Material provided ::
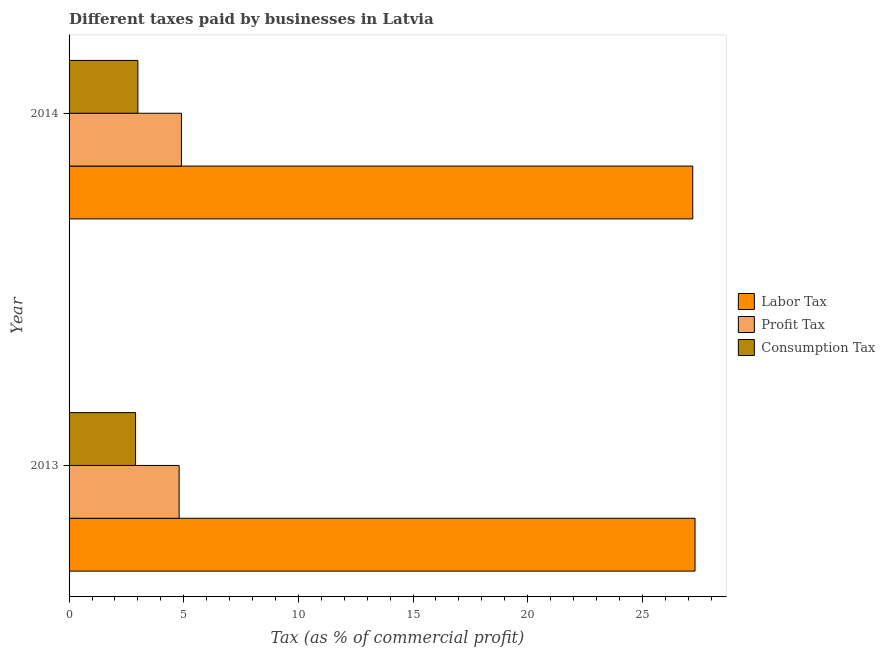In how many cases, is the number of bars for a given year not equal to the number of legend labels?
Provide a succinct answer. 0. What is the percentage of labor tax in 2014?
Offer a terse response. 27.2. Across all years, what is the maximum percentage of profit tax?
Give a very brief answer. 4.9. Across all years, what is the minimum percentage of labor tax?
Provide a short and direct response. 27.2. In which year was the percentage of consumption tax maximum?
Provide a succinct answer. 2014. What is the difference between the percentage of consumption tax in 2013 and that in 2014?
Your response must be concise. -0.1. What is the difference between the percentage of consumption tax in 2013 and the percentage of profit tax in 2014?
Make the answer very short. -2. What is the average percentage of profit tax per year?
Provide a succinct answer. 4.85. In the year 2014, what is the difference between the percentage of profit tax and percentage of consumption tax?
Your answer should be very brief. 1.9. In how many years, is the percentage of profit tax greater than 8 %?
Ensure brevity in your answer.  0. Is the percentage of labor tax in 2013 less than that in 2014?
Provide a short and direct response. No. Is the difference between the percentage of consumption tax in 2013 and 2014 greater than the difference between the percentage of labor tax in 2013 and 2014?
Your answer should be very brief. No. In how many years, is the percentage of consumption tax greater than the average percentage of consumption tax taken over all years?
Offer a very short reply. 1. What does the 3rd bar from the top in 2013 represents?
Make the answer very short. Labor Tax. What does the 1st bar from the bottom in 2014 represents?
Your answer should be very brief. Labor Tax. Are the values on the major ticks of X-axis written in scientific E-notation?
Offer a very short reply. No. Does the graph contain any zero values?
Provide a succinct answer. No. Does the graph contain grids?
Your response must be concise. No. Where does the legend appear in the graph?
Offer a terse response. Center right. How many legend labels are there?
Provide a succinct answer. 3. What is the title of the graph?
Keep it short and to the point. Different taxes paid by businesses in Latvia. Does "Transport services" appear as one of the legend labels in the graph?
Give a very brief answer. No. What is the label or title of the X-axis?
Keep it short and to the point. Tax (as % of commercial profit). What is the label or title of the Y-axis?
Keep it short and to the point. Year. What is the Tax (as % of commercial profit) of Labor Tax in 2013?
Keep it short and to the point. 27.3. What is the Tax (as % of commercial profit) in Consumption Tax in 2013?
Offer a terse response. 2.9. What is the Tax (as % of commercial profit) of Labor Tax in 2014?
Your response must be concise. 27.2. What is the Tax (as % of commercial profit) of Consumption Tax in 2014?
Offer a terse response. 3. Across all years, what is the maximum Tax (as % of commercial profit) in Labor Tax?
Your answer should be very brief. 27.3. Across all years, what is the maximum Tax (as % of commercial profit) in Profit Tax?
Your response must be concise. 4.9. Across all years, what is the maximum Tax (as % of commercial profit) of Consumption Tax?
Your answer should be very brief. 3. Across all years, what is the minimum Tax (as % of commercial profit) of Labor Tax?
Your answer should be very brief. 27.2. What is the total Tax (as % of commercial profit) of Labor Tax in the graph?
Your answer should be compact. 54.5. What is the total Tax (as % of commercial profit) of Profit Tax in the graph?
Offer a very short reply. 9.7. What is the total Tax (as % of commercial profit) of Consumption Tax in the graph?
Your answer should be very brief. 5.9. What is the difference between the Tax (as % of commercial profit) in Profit Tax in 2013 and that in 2014?
Ensure brevity in your answer.  -0.1. What is the difference between the Tax (as % of commercial profit) in Labor Tax in 2013 and the Tax (as % of commercial profit) in Profit Tax in 2014?
Give a very brief answer. 22.4. What is the difference between the Tax (as % of commercial profit) in Labor Tax in 2013 and the Tax (as % of commercial profit) in Consumption Tax in 2014?
Your answer should be compact. 24.3. What is the average Tax (as % of commercial profit) of Labor Tax per year?
Your answer should be very brief. 27.25. What is the average Tax (as % of commercial profit) of Profit Tax per year?
Make the answer very short. 4.85. What is the average Tax (as % of commercial profit) of Consumption Tax per year?
Provide a succinct answer. 2.95. In the year 2013, what is the difference between the Tax (as % of commercial profit) of Labor Tax and Tax (as % of commercial profit) of Consumption Tax?
Keep it short and to the point. 24.4. In the year 2013, what is the difference between the Tax (as % of commercial profit) in Profit Tax and Tax (as % of commercial profit) in Consumption Tax?
Keep it short and to the point. 1.9. In the year 2014, what is the difference between the Tax (as % of commercial profit) in Labor Tax and Tax (as % of commercial profit) in Profit Tax?
Give a very brief answer. 22.3. In the year 2014, what is the difference between the Tax (as % of commercial profit) in Labor Tax and Tax (as % of commercial profit) in Consumption Tax?
Provide a short and direct response. 24.2. In the year 2014, what is the difference between the Tax (as % of commercial profit) in Profit Tax and Tax (as % of commercial profit) in Consumption Tax?
Your response must be concise. 1.9. What is the ratio of the Tax (as % of commercial profit) of Profit Tax in 2013 to that in 2014?
Your answer should be compact. 0.98. What is the ratio of the Tax (as % of commercial profit) in Consumption Tax in 2013 to that in 2014?
Your response must be concise. 0.97. What is the difference between the highest and the second highest Tax (as % of commercial profit) in Profit Tax?
Provide a short and direct response. 0.1. What is the difference between the highest and the lowest Tax (as % of commercial profit) in Profit Tax?
Your answer should be compact. 0.1. What is the difference between the highest and the lowest Tax (as % of commercial profit) of Consumption Tax?
Provide a succinct answer. 0.1.

Task details ::
Repeat the entries above verbatim, but only from the line that has "Offer a terse response. 2.9." down to the line that has "Offer a very short reply. 9.7.", inclusive.

Response to the task ::
Offer a terse response. 2.9. What is the Tax (as % of commercial profit) of Labor Tax in 2014?
Your response must be concise. 27.2. What is the Tax (as % of commercial profit) of Consumption Tax in 2014?
Offer a terse response. 3. Across all years, what is the maximum Tax (as % of commercial profit) in Labor Tax?
Your answer should be very brief. 27.3. Across all years, what is the maximum Tax (as % of commercial profit) in Profit Tax?
Your response must be concise. 4.9. Across all years, what is the maximum Tax (as % of commercial profit) of Consumption Tax?
Your answer should be very brief. 3. Across all years, what is the minimum Tax (as % of commercial profit) of Labor Tax?
Your answer should be very brief. 27.2. What is the total Tax (as % of commercial profit) of Labor Tax in the graph?
Your answer should be compact. 54.5. What is the total Tax (as % of commercial profit) of Profit Tax in the graph?
Offer a very short reply. 9.7. What is the total Tax (as % of commercial profit) of Consumption Tax in the graph?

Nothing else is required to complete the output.